[Collected data entries]
—————

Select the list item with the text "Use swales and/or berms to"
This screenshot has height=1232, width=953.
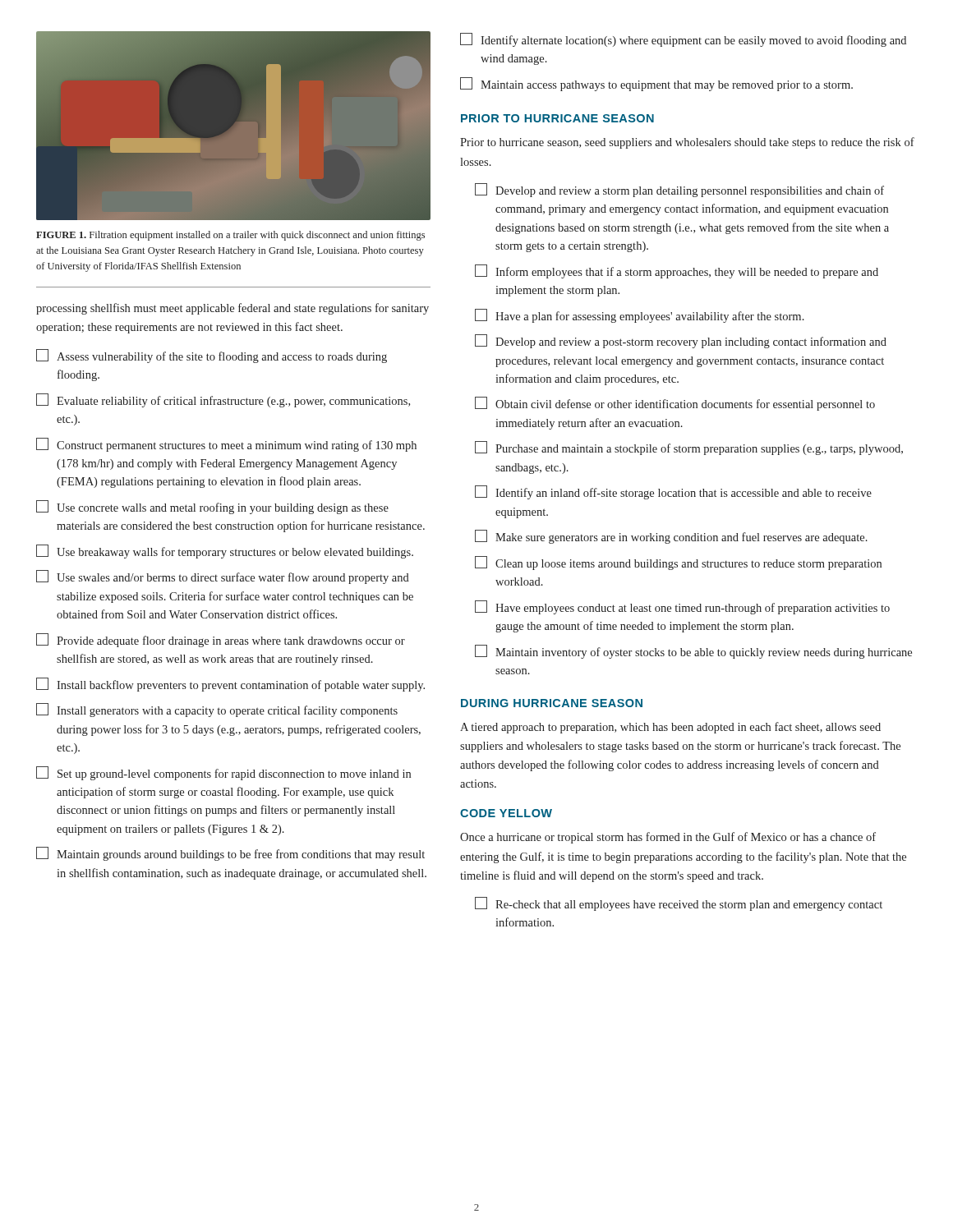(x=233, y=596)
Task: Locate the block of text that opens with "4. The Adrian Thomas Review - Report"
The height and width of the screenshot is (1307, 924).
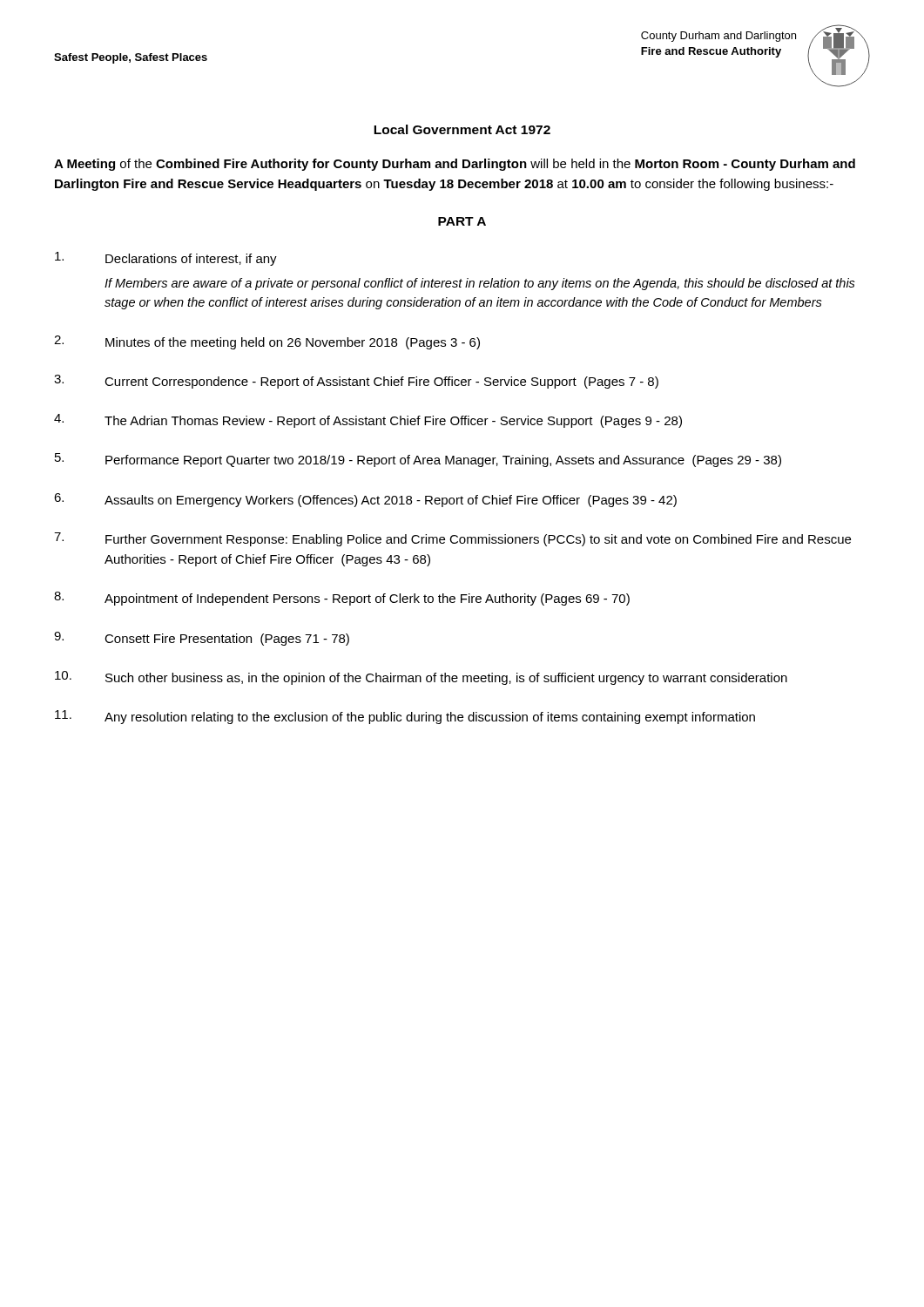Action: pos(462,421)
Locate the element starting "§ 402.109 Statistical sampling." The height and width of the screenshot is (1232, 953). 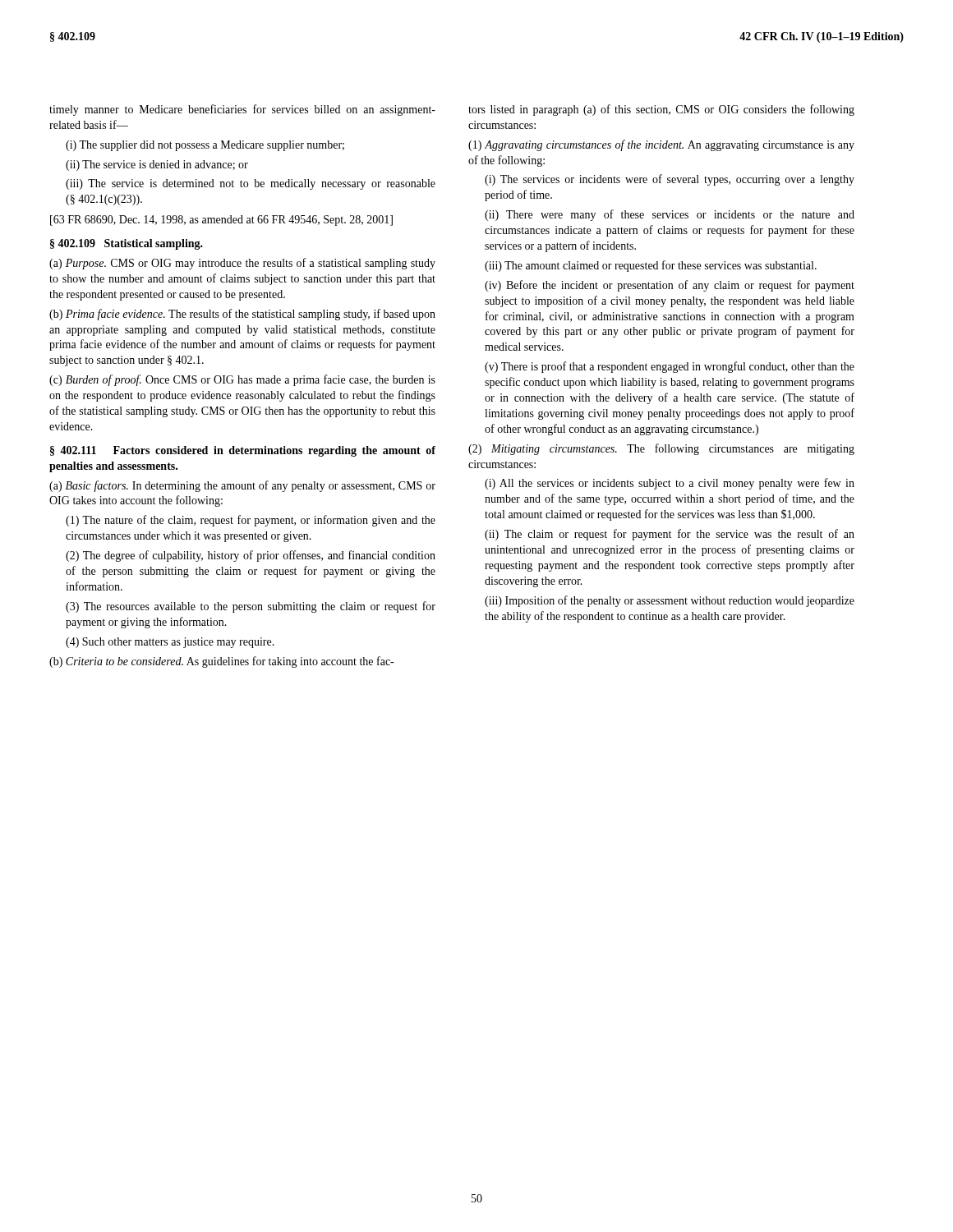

—————

**EXERCISE REQUIREMENTS**
Only lines containing the word "with" should appear in the answer, and every such line from the records above must be there.

**EXERCISE RESPONSE**
Select the list item with the text "Use swales and/or berms to"
Task: Locate the block of text that opens with "4. The Adrian Thomas Review - Report"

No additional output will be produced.